Records from a dataset:
┄┄┄┄┄┄┄┄┄┄┄┄┄┄┄┄┄┄┄┄
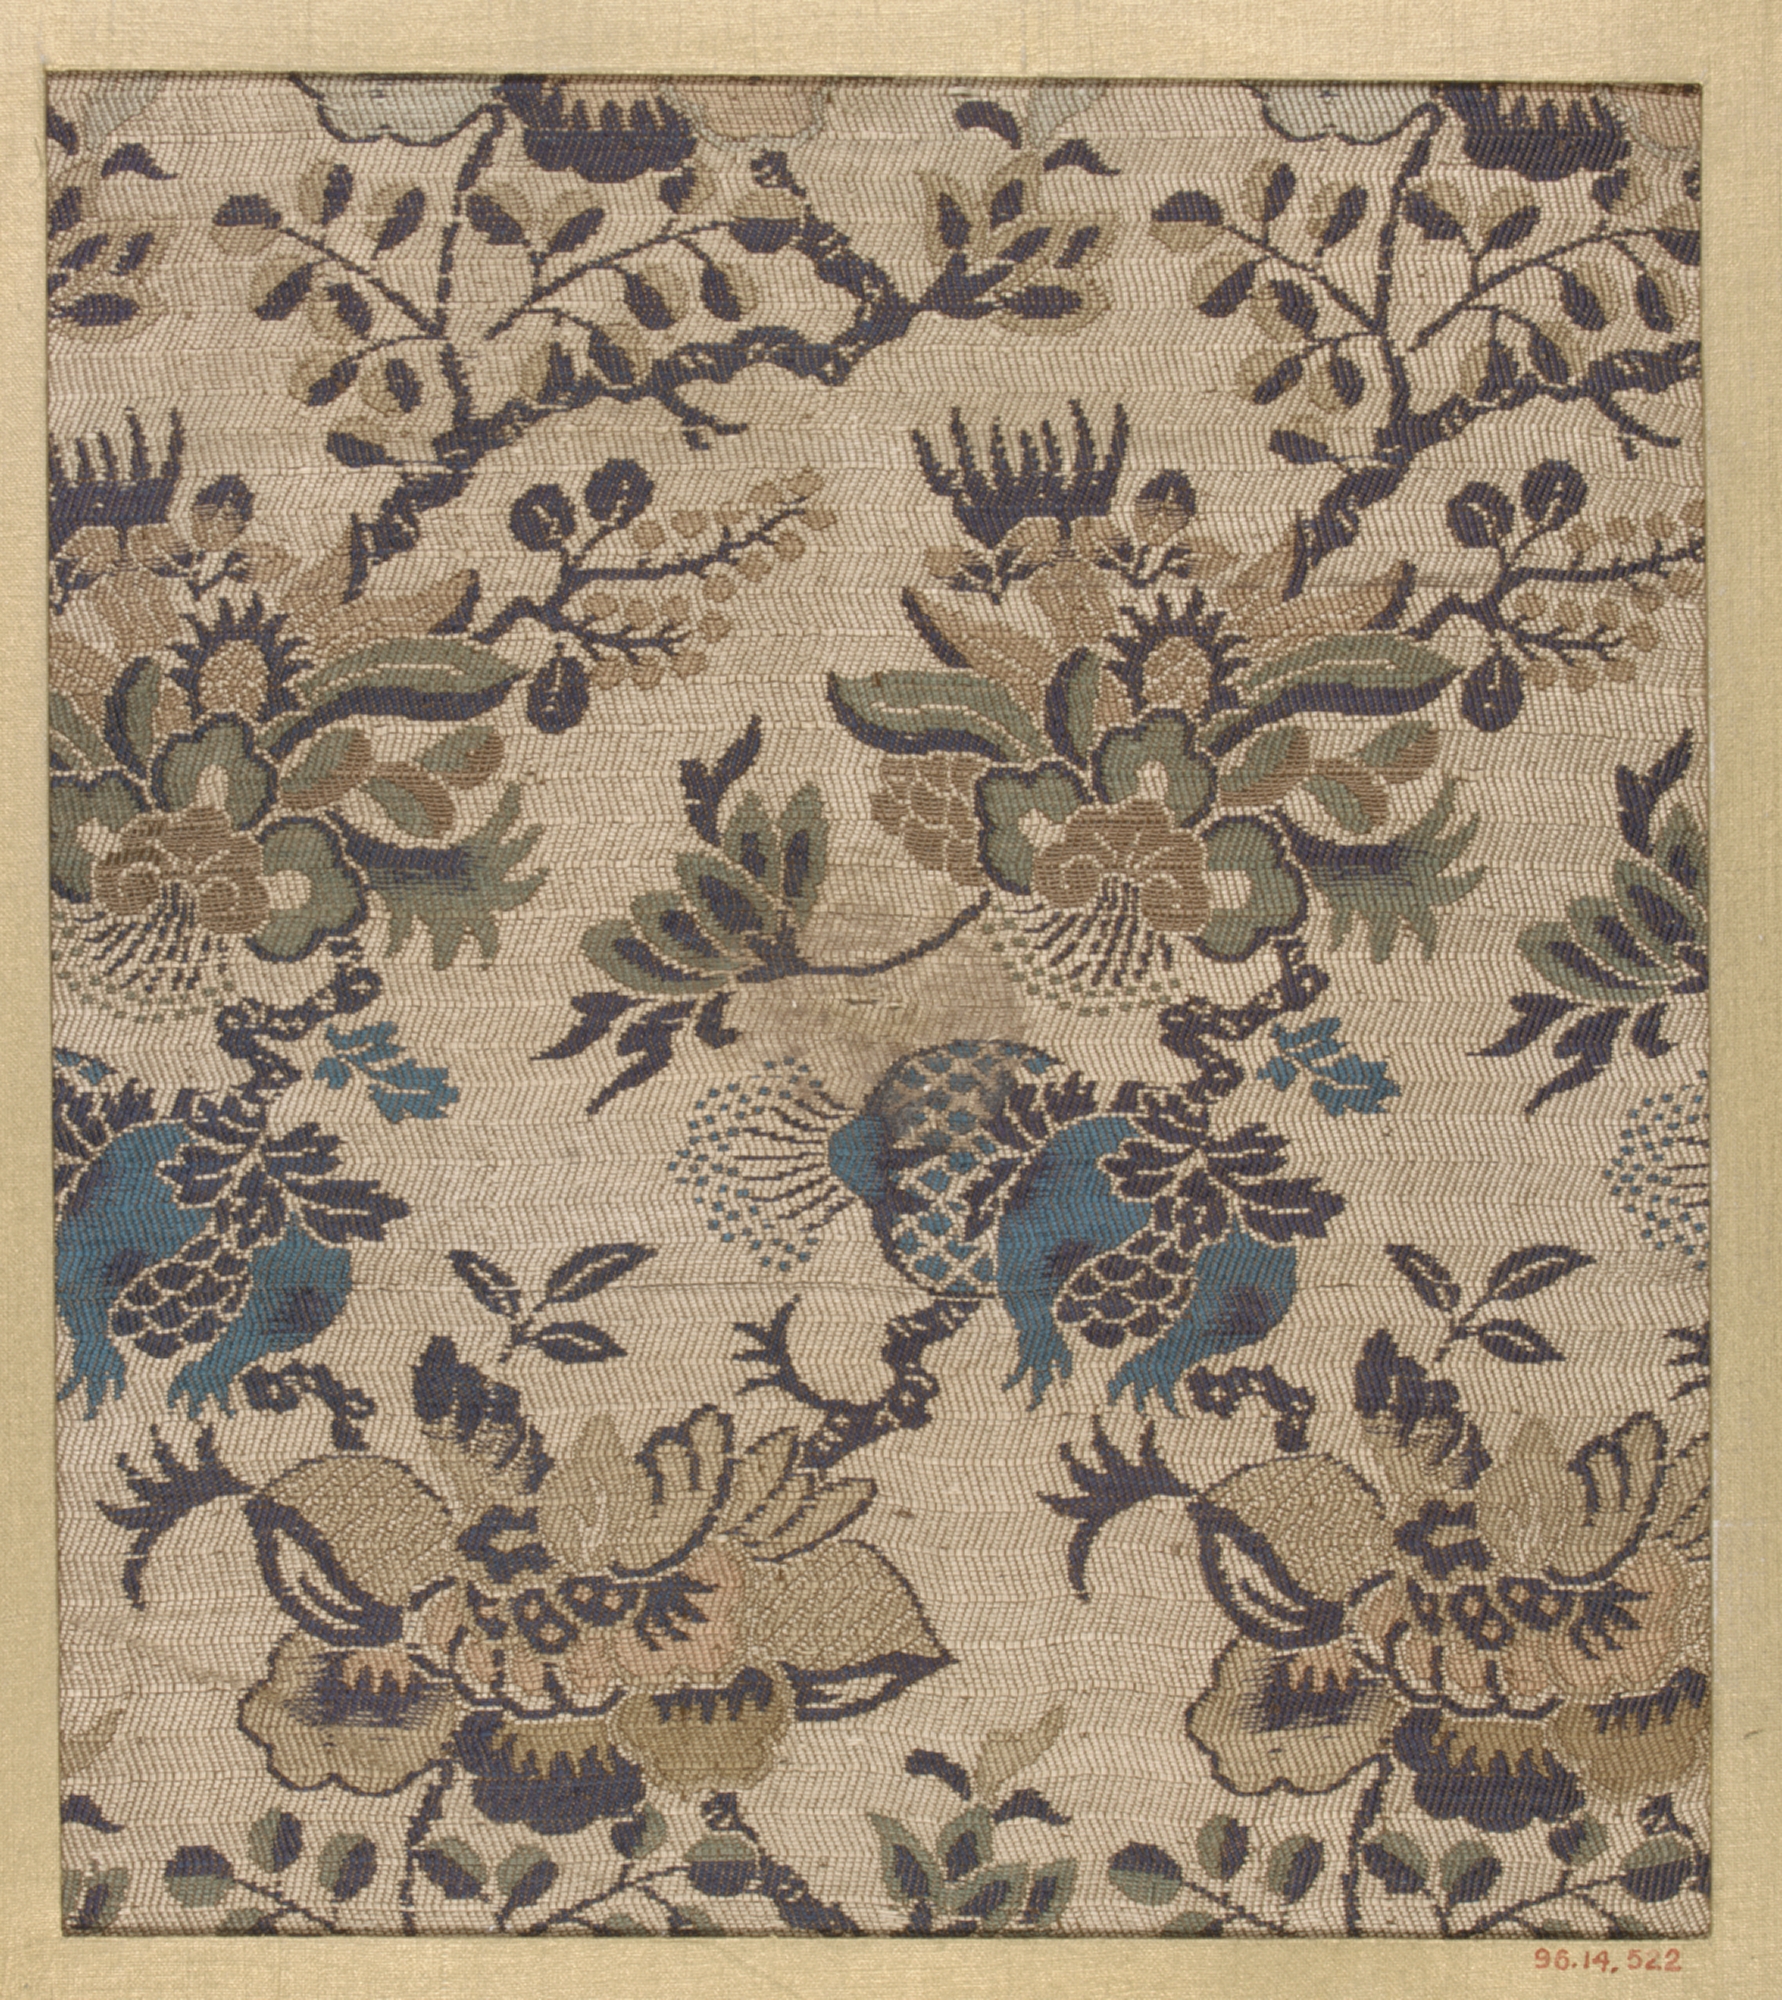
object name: piece
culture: japanese
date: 1701-1900
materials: silk
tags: leaves
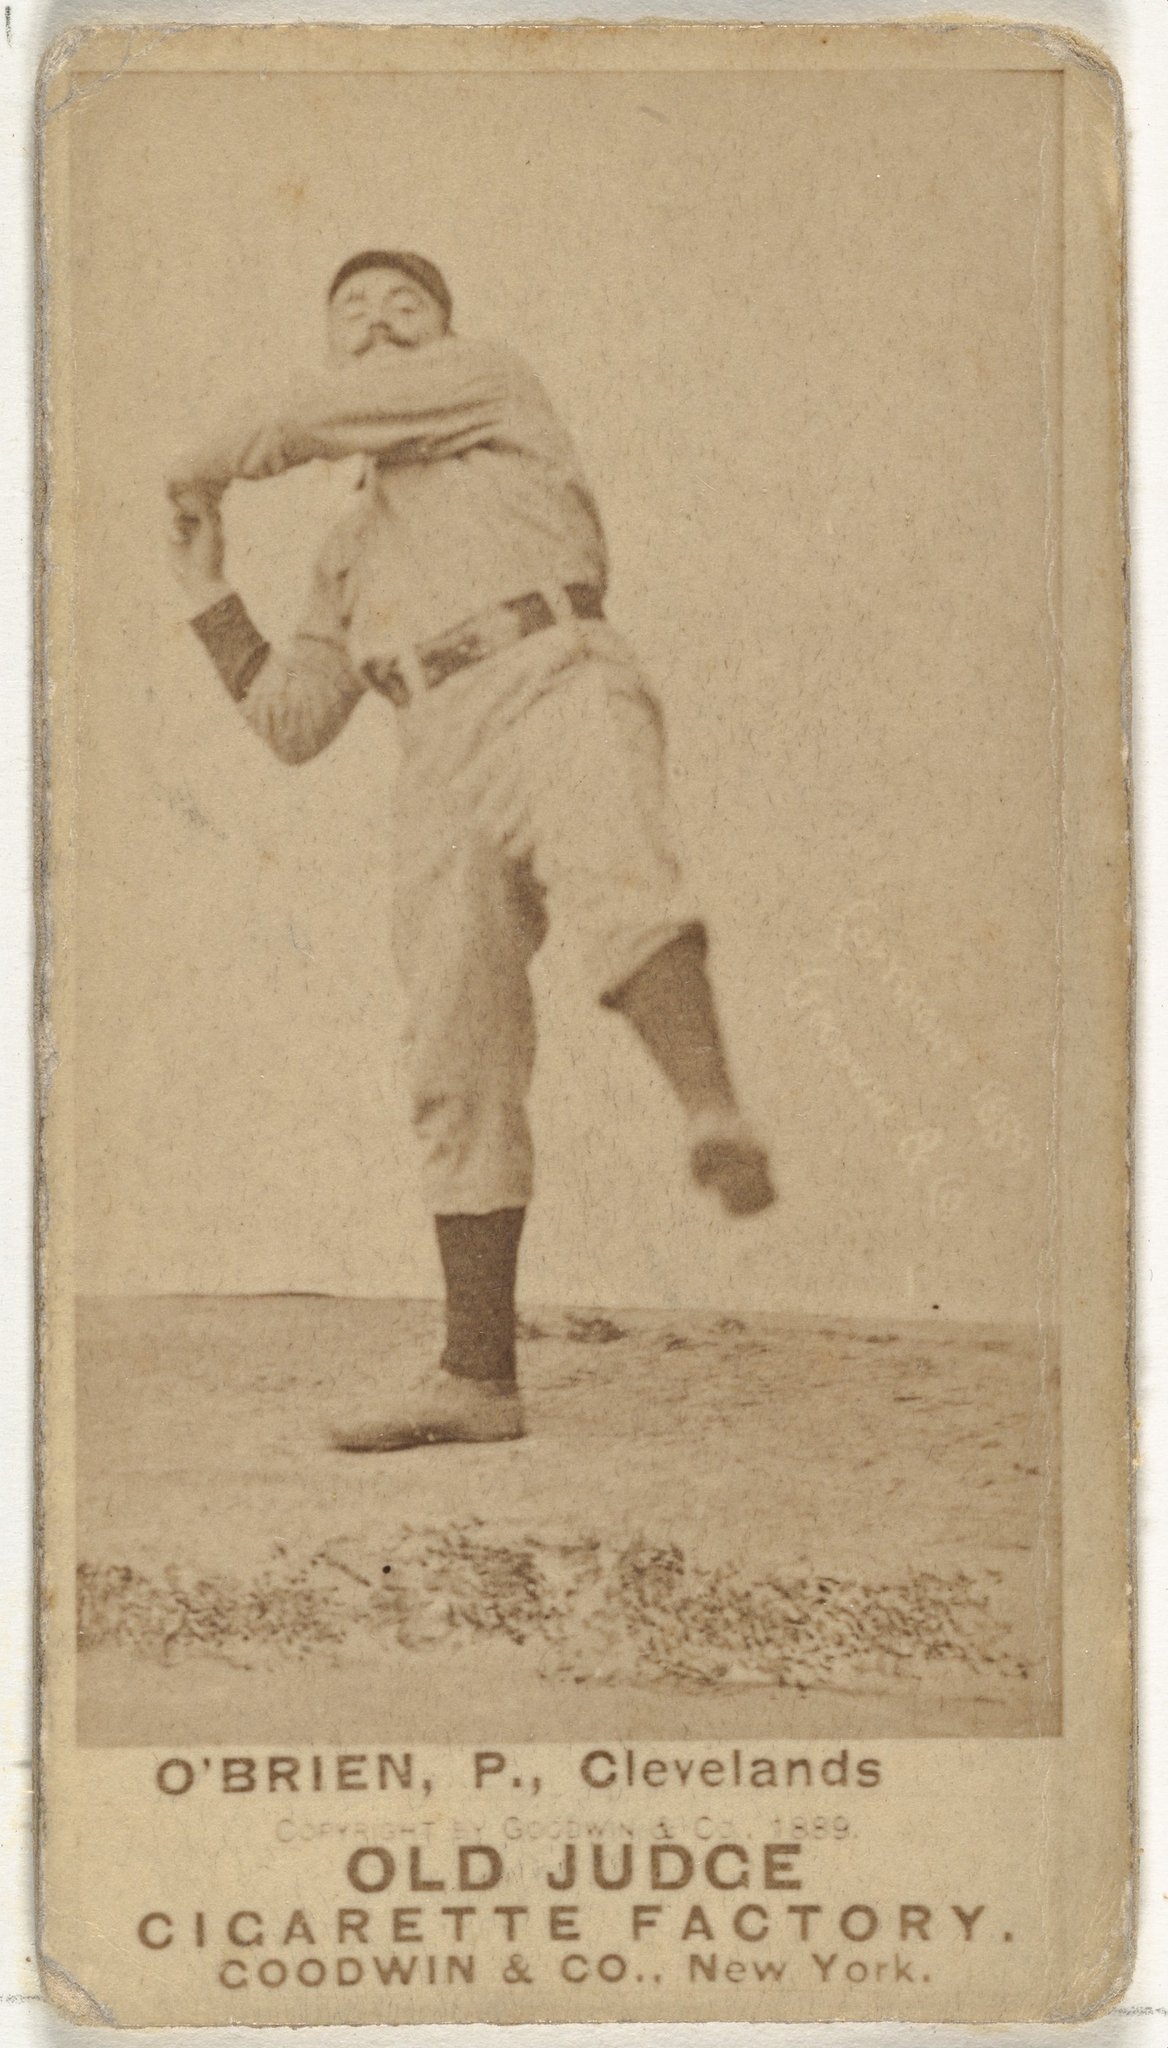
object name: baseball card, photograph
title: John F. "Cinders" O'Brien, Pitcher, Cleveland, from the Old Judge series (N172) for Old Judge Cigarettes
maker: goodwin & company
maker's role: publisher
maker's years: 1850-1950
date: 1889
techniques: albumen silver print
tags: men,portraits,baseball,athletes
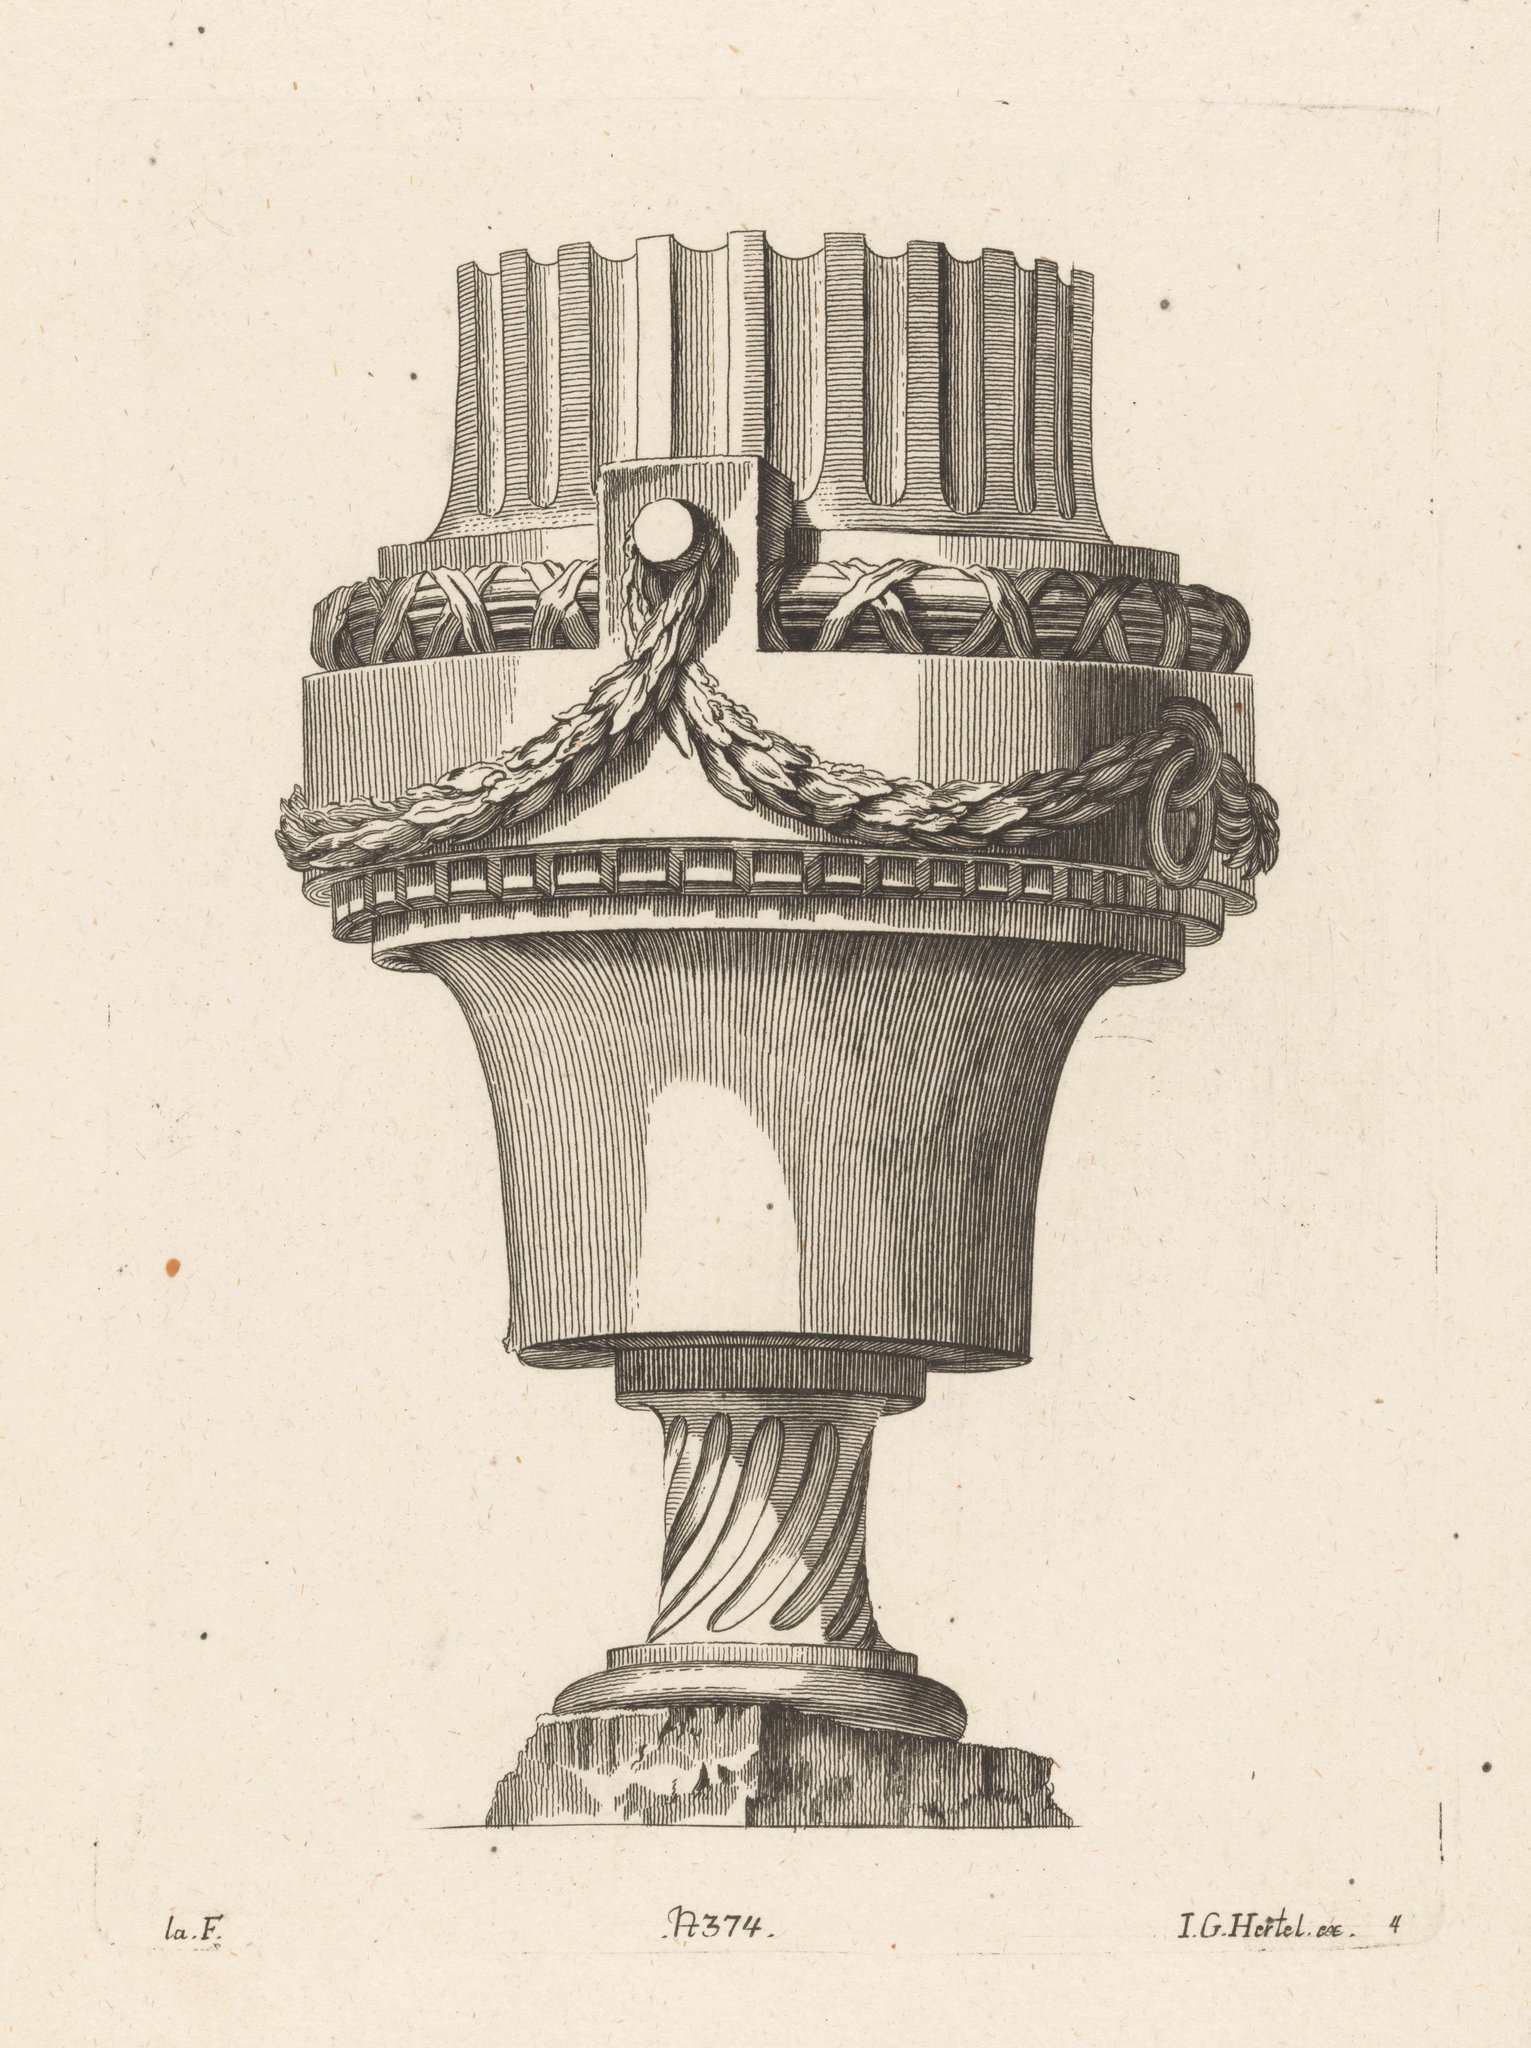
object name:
┄┄┄┄┄┄┄┄┄┄┄┄┄┄┄┄┄┄┄┄
What the task requires —
In your copy, include no pictures, but set down every record exactly.

Answer to this exercise —
object name: piece
culture: japanese
date: 1701-1900
materials: silk
tags: leaves
object name: baseball card, photograph
title: John F. "Cinders" O'Brien, Pitcher, Cleveland, from the Old Judge series (N172) for Old Judge Cigarettes
maker: goodwin & company
maker's role: publisher
maker's years: 1850-1950
date: 1889
techniques: albumen silver print
tags: men,portraits,baseball,athletes
object name:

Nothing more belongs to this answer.